Next, one has to write these generators in terms of the generating matrices u and v of $PSL_2(\mathbb{Z})$ and as we know all relations between u and v the relations of these congruence subgroups will follow.

We will give the details for $\Gamma_0(2)$ and leave you to figure out that $\Gamma(2) = C{\infty} \ast C_{\infty}$ (that is that there are no relations between the matrices A and B).

Calculate that X=v^2u and that Y=vuv^2 . Because the only relations between u and v are v^3=1=u^2 we see that Y is an element of order two as Y^2 = vuv^3uv^2= v^3 = 1 and that no power of X can be the identity transformation.
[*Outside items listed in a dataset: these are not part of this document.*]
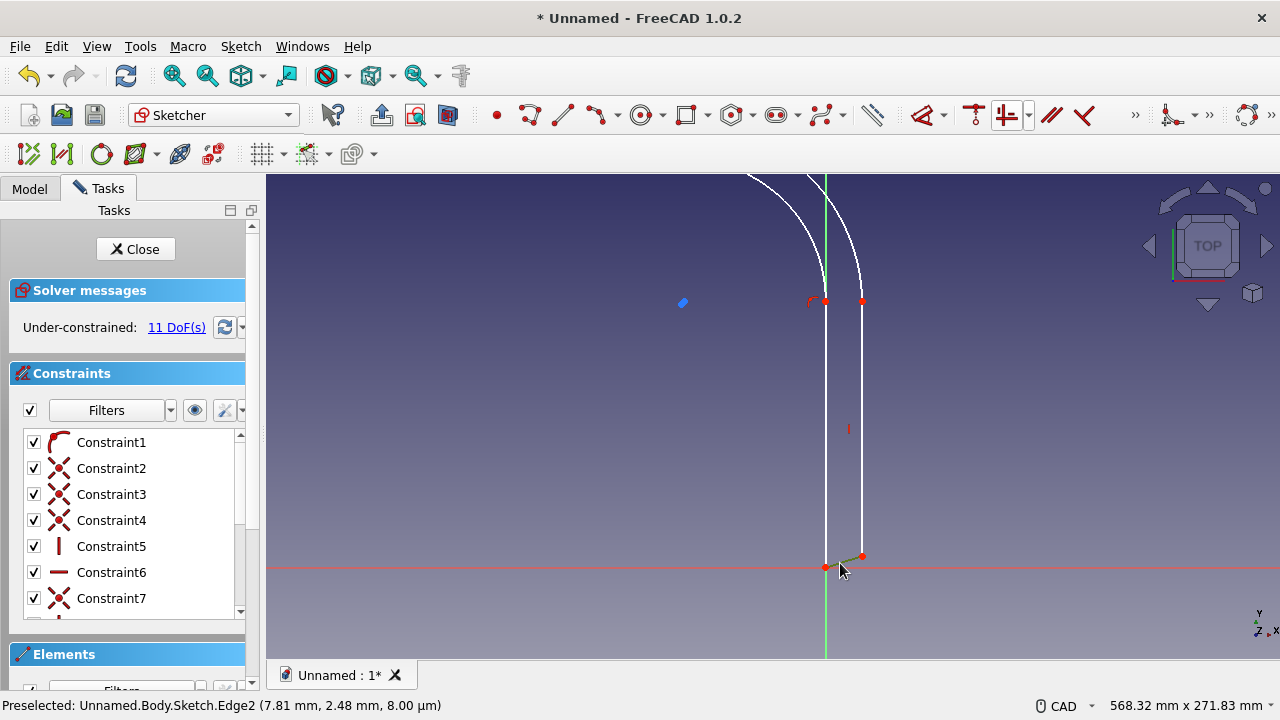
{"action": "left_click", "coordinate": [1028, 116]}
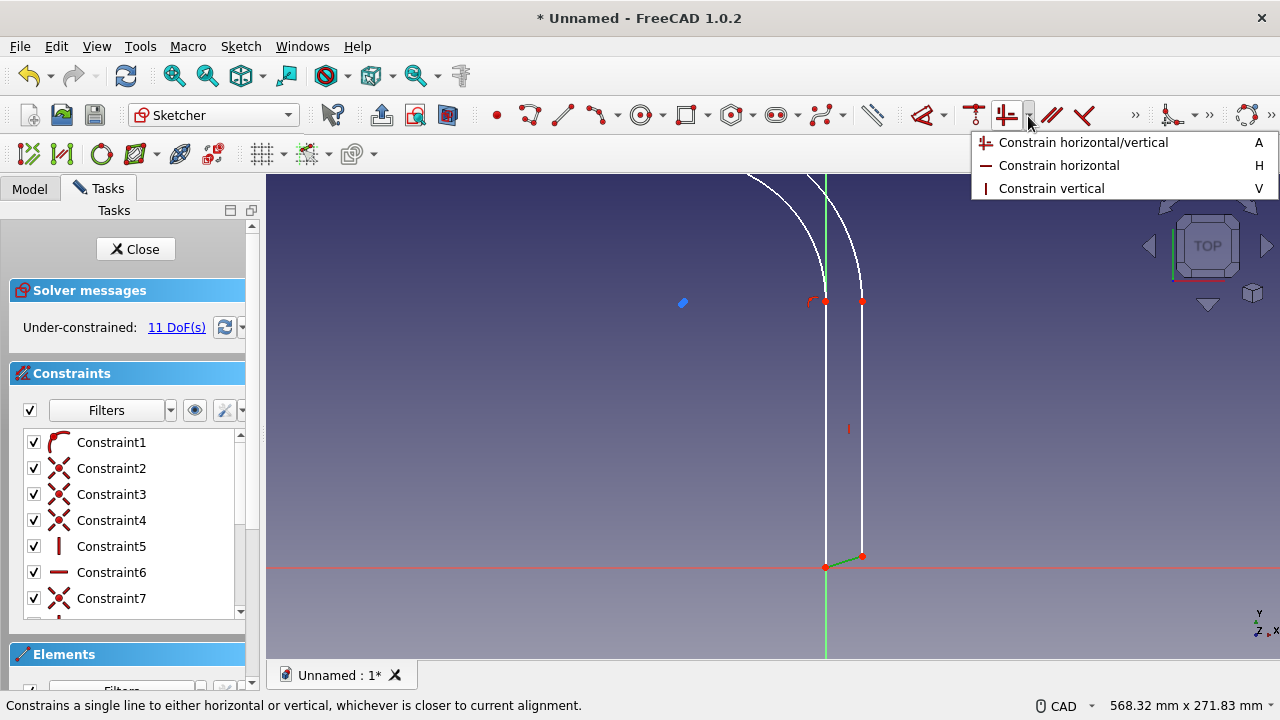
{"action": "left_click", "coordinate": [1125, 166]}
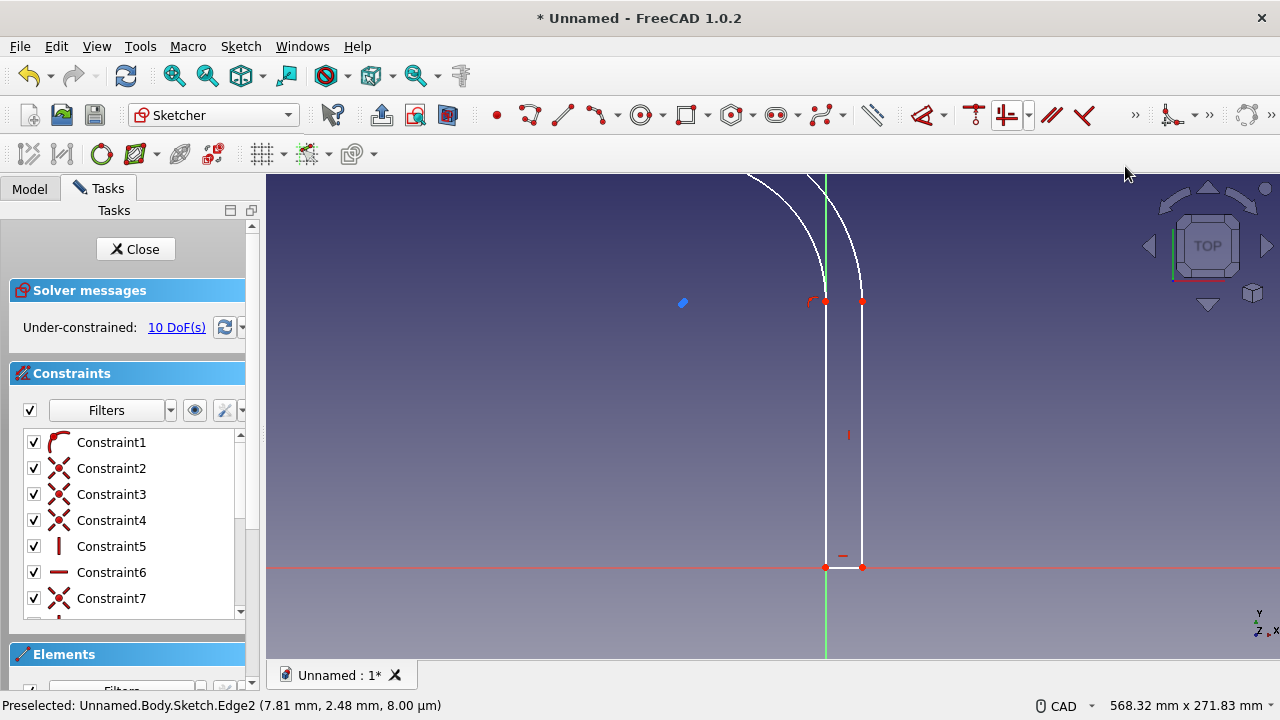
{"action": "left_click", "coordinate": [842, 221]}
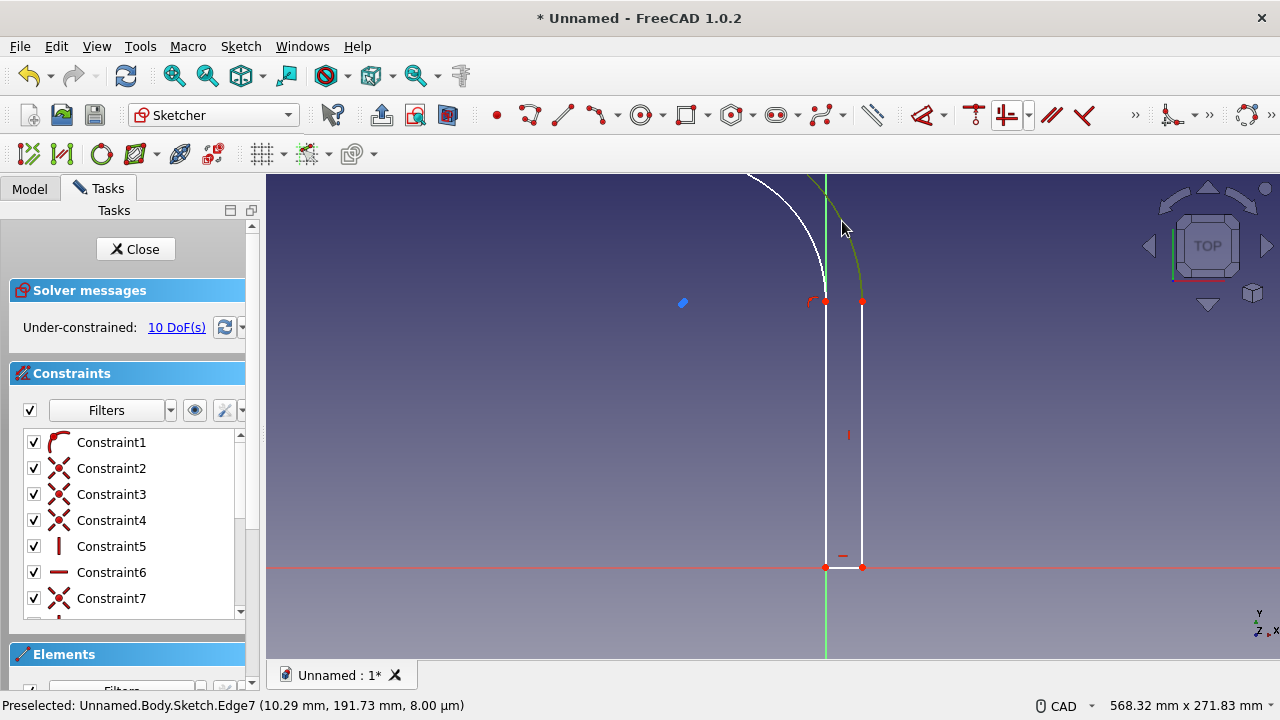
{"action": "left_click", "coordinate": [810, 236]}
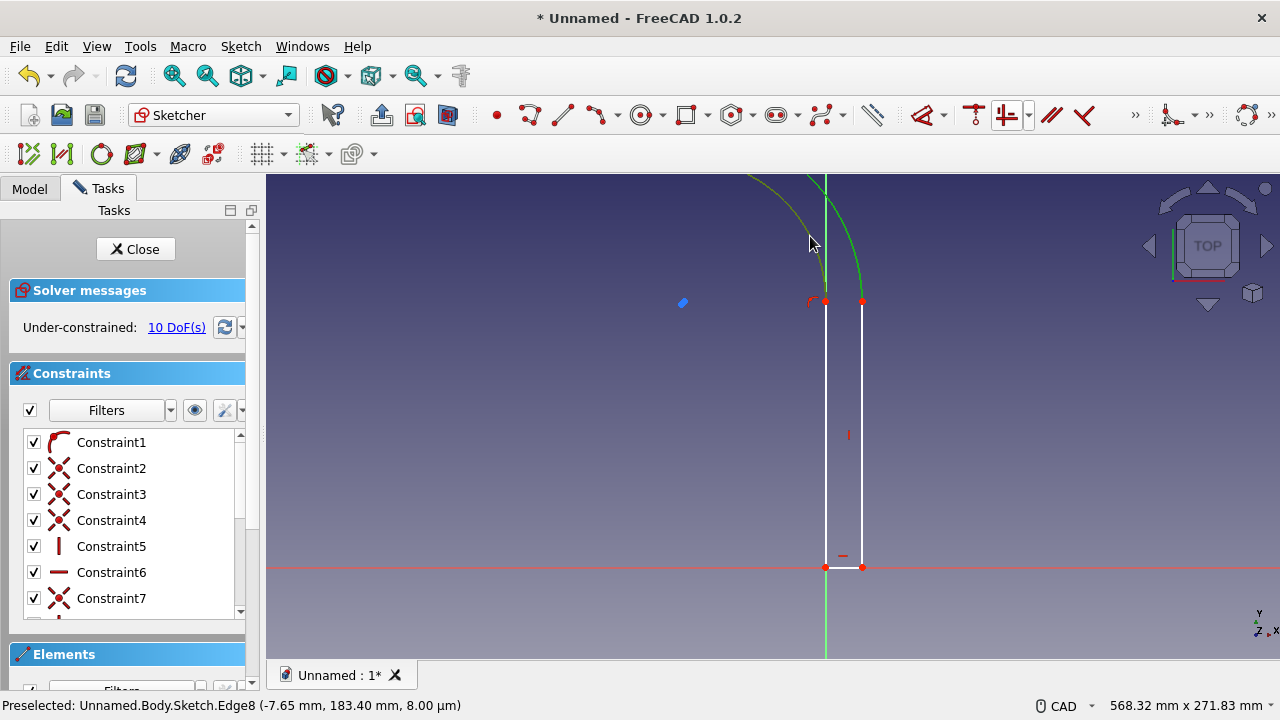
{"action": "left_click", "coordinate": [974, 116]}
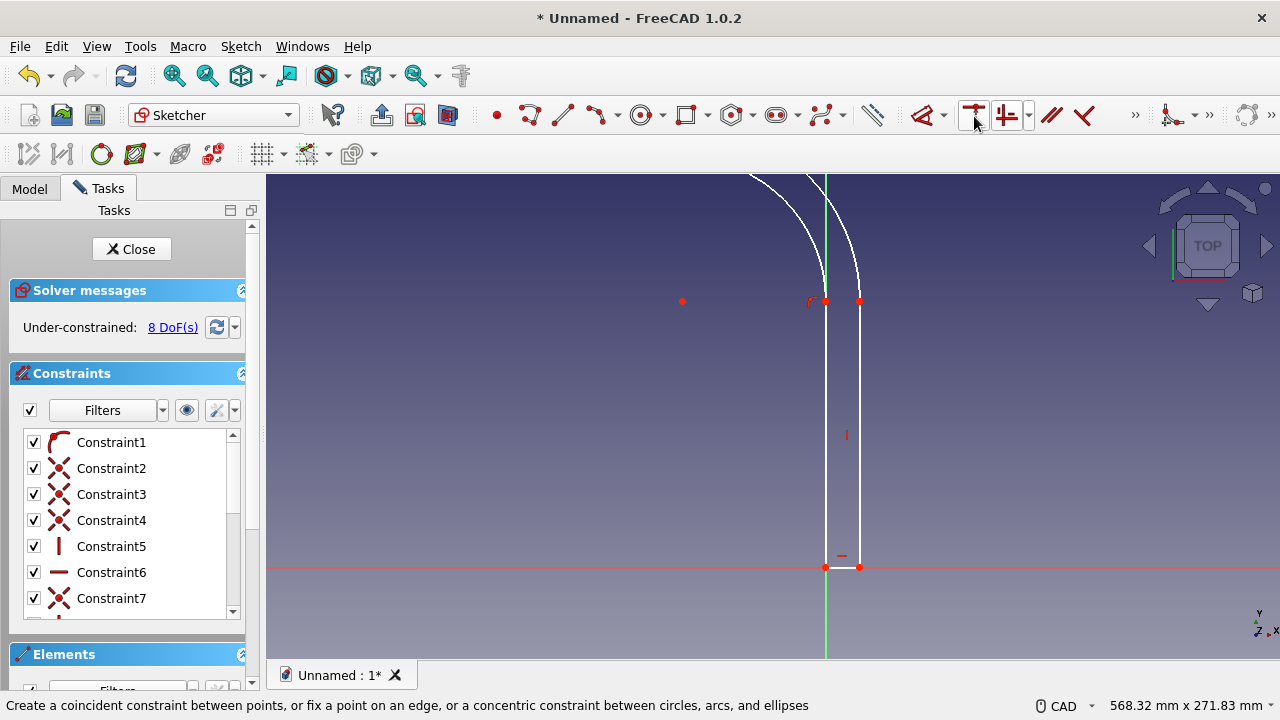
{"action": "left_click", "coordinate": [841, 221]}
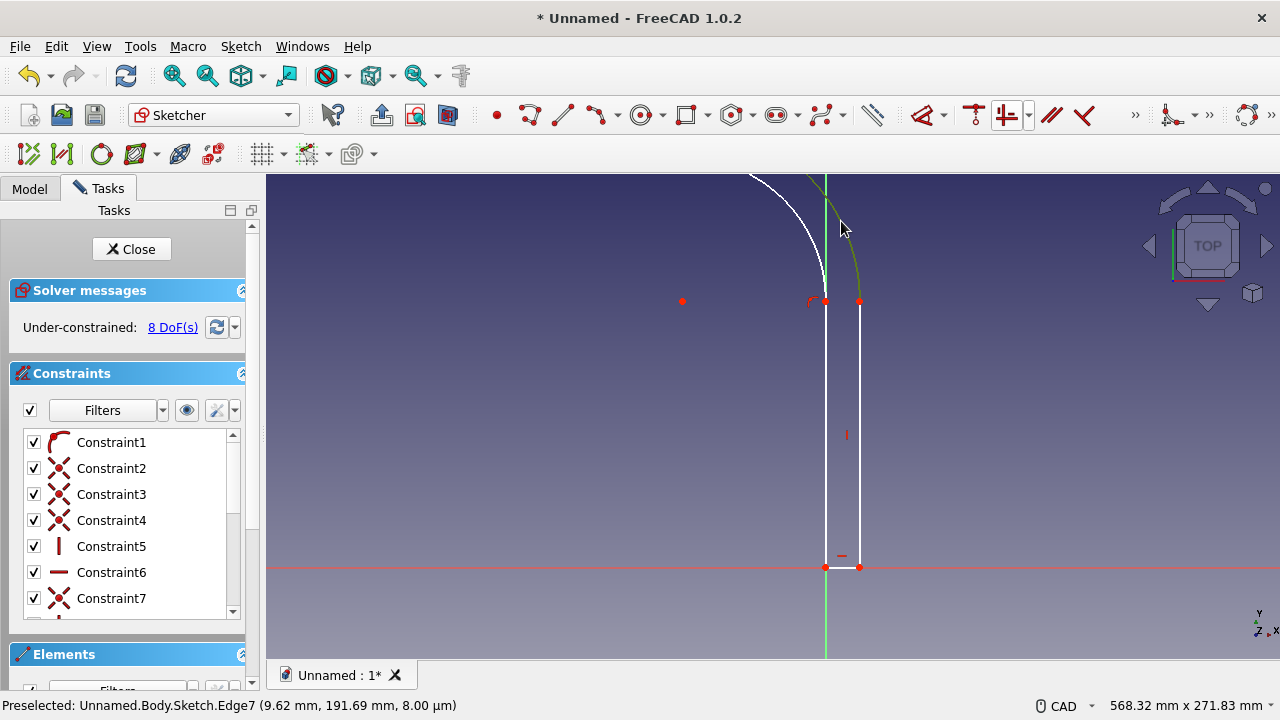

But then also none of the elements $~(Y)X^{i_1}YX^{i2}Y \dots YX^{i_n}(Y)$ can be the identity (write it out as a word in u and v) whence, indeed

$\Gamma_0(2) = C{\infty} \ast C_2$

In fact, the group $\Gamma_0(2)$ is staring you in the face whenever you come to this site. I fear I’ve never added proper acknowledgements for the beautiful header-picture

so I’d better do it now. The picture is due to Helena Verrill and she has a page with more pictures. The header-picture depicts a way to get a fundamental domain for the action of $\Gamma_0(2)$ on the upper half plane. Such a fundamental domain consists of any choice of 6 tiles with different colours (note that there are two shades of blue and green). Helena also has a Java-applet to draw fundamental domains of more congruence subgroups.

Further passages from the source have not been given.